Introduction
In the domain of AI, Large Multimodal Models (LMMs) play a pivotal role in understanding and processing complex combinations of text and visual content. This evaluation concentrates on the performance of two state-of-the-art LMMs, GPT-4V and Gemini, employing an online Visual Question Answering (VQA) approach derived from real-world user interactions on the Stack Exchange platform. The paper taps into these interactions to test the general capabilities of the models across various criteria, including the alignment of these interactions with actual user needs.
Dataset Overview
Researchers used the VQAonline dataset, which comprises natural language questions, contexts, images, and verified answers obtained from the Stack Exchange platform, to create a robust environment for evaluating the models. The filtering process guarantees a focus on questions with higher-quality content, and a subset was chosen to manage the expensive and rate-limited API calls to the evaluated LMMs. The final subset used for evaluation consists of 1,903 samples, providing depth and variety in content.
Evaluation Methodology
The methodology is designed to appraise the zero-shot performance of GPT-4V and Gemini without the use of advanced prompt-engineering techniques. Answers generated by the models are checked for correctness against ground-truth answers using GPT-4, and this rating is cross-validated through its alignment with human expert judgments. Metadata generation is another aspect of evaluation, adding layers such as user intention and image processing capabilities to the analysis.
Evaluation Results
The assessment revealed the following insights:
- GPT-4V and Gemini displayed commendable proficiency in domains like language learning and economics, while struggling with topics such as puzzling and LEGO-related queries.

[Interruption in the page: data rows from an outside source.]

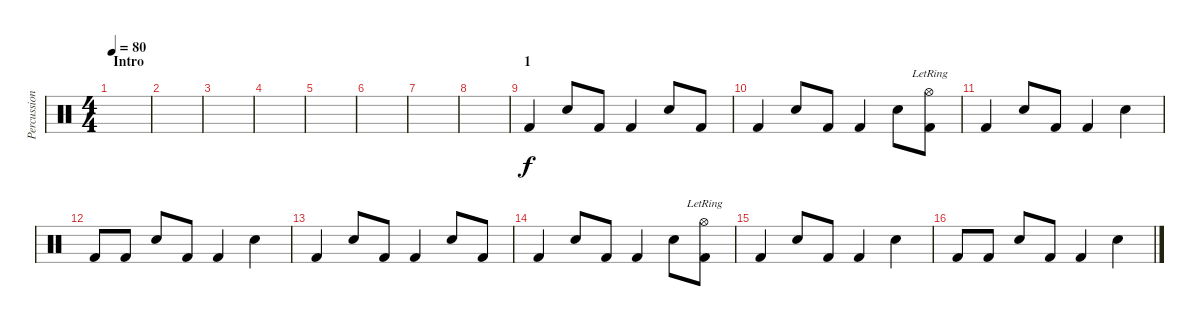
\track ("Percussion" "Percussion") {instrument percussion}
\staff {score}
\articulation defaults
\ts (4 4)
\section ("" "Intro")
\tempo 80
\clef neutral
\ks c
|
|
|
|
|
|
|
|
\section ("" "1")
"Kick (hit) 2".4 "Snare (hit) 2".8 "Kick (hit) 2".8 "Kick (hit) 2".4 "Snare (hit) 2".8 "Kick (hit) 2".8 |
"Kick (hit) 2".4 "Snare (hit) 2".8 "Kick (hit) 2".8 "Kick (hit) 2".4 "Snare (hit) 2".8 ("Kick (hit) 2" "Hi-Hat (open)"{lr}).8 |
"Kick (hit) 2".4 "Snare (hit) 2".8 "Kick (hit) 2".8 "Kick (hit) 2".4 "Snare (hit) 2".4 |
"Kick (hit) 2".8 "Kick (hit) 2".8 "Snare (hit) 2".8 "Kick (hit) 2".8 "Kick (hit) 2".4 "Snare (hit) 2".4 |
"Kick (hit) 2".4 "Snare (hit) 2".8 "Kick (hit) 2".8 "Kick (hit) 2".4 "Snare (hit) 2".8 "Kick (hit) 2".8 |
"Kick (hit) 2".4 "Snare (hit) 2".8 "Kick (hit) 2".8 "Kick (hit) 2".4 "Snare (hit) 2".8 ("Kick (hit) 2" "Hi-Hat (open)"{lr}).8 |
"Kick (hit) 2".4 "Snare (hit) 2".8 "Kick (hit) 2".8 "Kick (hit) 2".4 "Snare (hit) 2".4 |
"Kick (hit) 2".8 "Kick (hit) 2".8 "Snare (hit) 2".8 "Kick (hit) 2".8 "Kick (hit) 2".4 "Snare (hit) 2".4
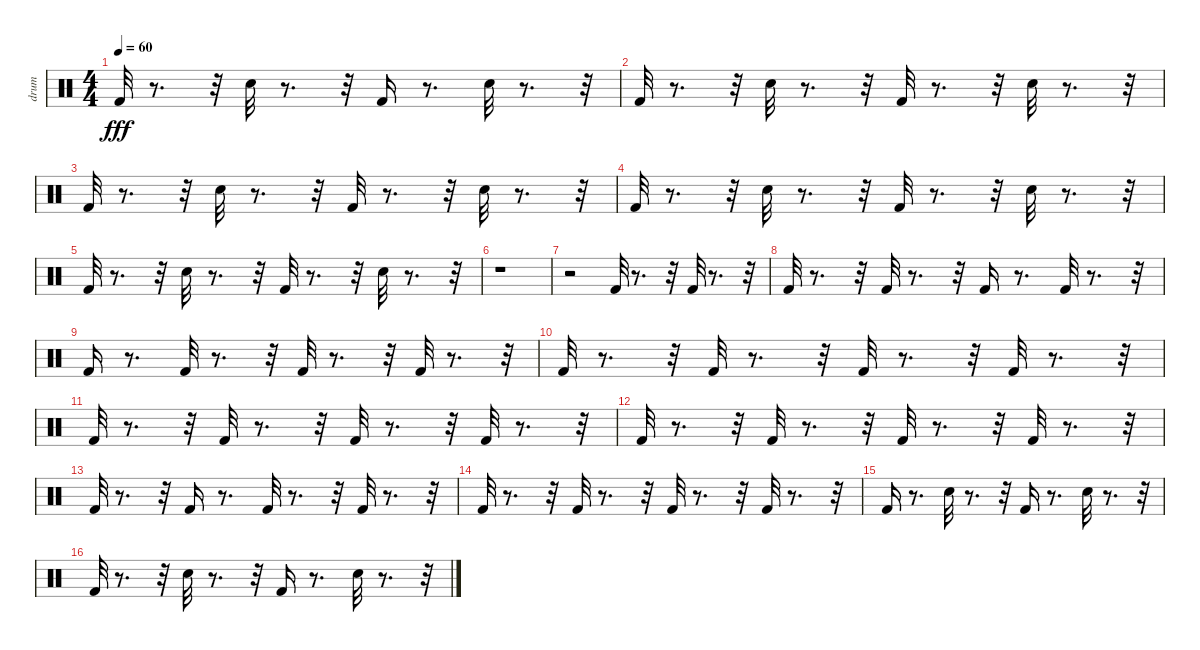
\track ("drum    " "drum    ") {instrument percussion}
\staff {score}
\articulation defaults
\ts (4 4)
\tempo 60
\clef neutral
\ks c "Kick (hit) 2".32{dy fff}
r.8{d} r.32 "Electric Snare (hit)".32 r.8{d} r.32 "Kick (hit) 2".16 r.8{d} "Electric Snare (hit)".32 r.8{d} r.32 |
"Kick (hit) 2".32 r.8{d} r.32 "Electric Snare (hit)".32 r.8{d} r.32 "Kick (hit) 2".32 r.8{d} r.32 "Electric Snare (hit)".32 r.8{d} r.32 |
"Kick (hit) 2".32 r.8{d} r.32 "Electric Snare (hit)".32 r.8{d} r.32 "Kick (hit) 2".32 r.8{d} r.32 "Electric Snare (hit)".32 r.8{d} r.32 |
"Kick (hit) 2".32 r.8{d} r.32 "Electric Snare (hit)".32 r.8{d} r.32 "Kick (hit) 2".32 r.8{d} r.32 "Electric Snare (hit)".32 r.8{d} r.32 |
"Kick (hit) 2".32 r.8{d} r.32 "Electric Snare (hit)".32 r.8{d} r.32 "Kick (hit) 2".32 r.8{d} r.32 "Electric Snare (hit)".32 r.8{d} r.32 |
r.1 |
r.2 "Kick (hit) 2".32 r.8{d} r.32 "Kick (hit) 2".32 r.8{d} r.32 |
"Kick (hit) 2".32 r.8{d} r.32 "Kick (hit) 2".32 r.8{d} r.32 "Kick (hit) 2".16 r.8{d} "Kick (hit) 2".32 r.8{d} r.32 |
"Kick (hit) 2".16 r.8{d} "Kick (hit) 2".32 r.8{d} r.32 "Kick (hit) 2".32 r.8{d} r.32 "Kick (hit) 2".32 r.8{d} r.32 |
"Kick (hit) 2".32 r.8{d} r.32 "Kick (hit) 2".32 r.8{d} r.32 "Kick (hit) 2".32 r.8{d} r.32 "Kick (hit) 2".32 r.8{d} r.32 |
"Kick (hit) 2".32 r.8{d} r.32 "Kick (hit) 2".32 r.8{d} r.32 "Kick (hit) 2".32 r.8{d} r.32 "Kick (hit) 2".32 r.8{d} r.32 |
"Kick (hit) 2".32 r.8{d} r.32 "Kick (hit) 2".32 r.8{d} r.32 "Kick (hit) 2".32 r.8{d} r.32 "Kick (hit) 2".32 r.8{d} r.32 |
"Kick (hit) 2".32 r.8{d} r.32 "Kick (hit) 2".16 r.8{d} "Kick (hit) 2".32 r.8{d} r.32 "Kick (hit) 2".32 r.8{d} r.32 |
"Kick (hit) 2".32 r.8{d} r.32 "Kick (hit) 2".32 r.8{d} r.32 "Kick (hit) 2".32 r.8{d} r.32 "Kick (hit) 2".32 r.8{d} r.32 |
"Kick (hit) 2".16 r.8{d} "Electric Snare (hit)".32 r.8{d} r.32 "Kick (hit) 2".16 r.8{d} "Electric Snare (hit)".32 r.8{d} r.32 |
"Kick (hit) 2".32 r.8{d} r.32 "Electric Snare (hit)".32 r.8{d} r.32 "Kick (hit) 2".16 r.8{d} "Electric Snare (hit)".32 r.8{d} r.32

- GPT-4V surpassed Gemini in understanding social sciences and natural science topics and demonstrated strengths in non-visual questions, indicating no need for image processing.
- Questions tagged under user intention as 'Identification' were difficult for both models, highlighting an area for potential improvement.
- When it came to image processing capabilities, GPT-4V faced the most challenges with feature extraction tasks, whereas Gemini showed a strong command in scene understanding.
- Both models performed least efficiently on questions requiring expert knowledge, possibly indicating the need for more specialized training in domain-specific areas.
- The most challenging image types for both models included "3D Renderings" and "Sheet Music," suggesting a gap in interpreting these image variants.
- As the difficulty level escalated, the performance of both models declined.
Conclusion
This investigation provides a comprehensive analysis of the capabilities and limitations of GPT-4V and Gemini on an authentic, user-generated VQA dataset. The findings offer significant insights into areas where these LMMs excel and where they could be improved upon. While the analysis confirms the adeptness of the models in handling a range of topics and questions, it also indicates the need for enhancement in processing complex images and expert knowledge areas. Future work is aimed at refining the analysis methods and incorporating additional datasets to deepen the understanding of LMM performances.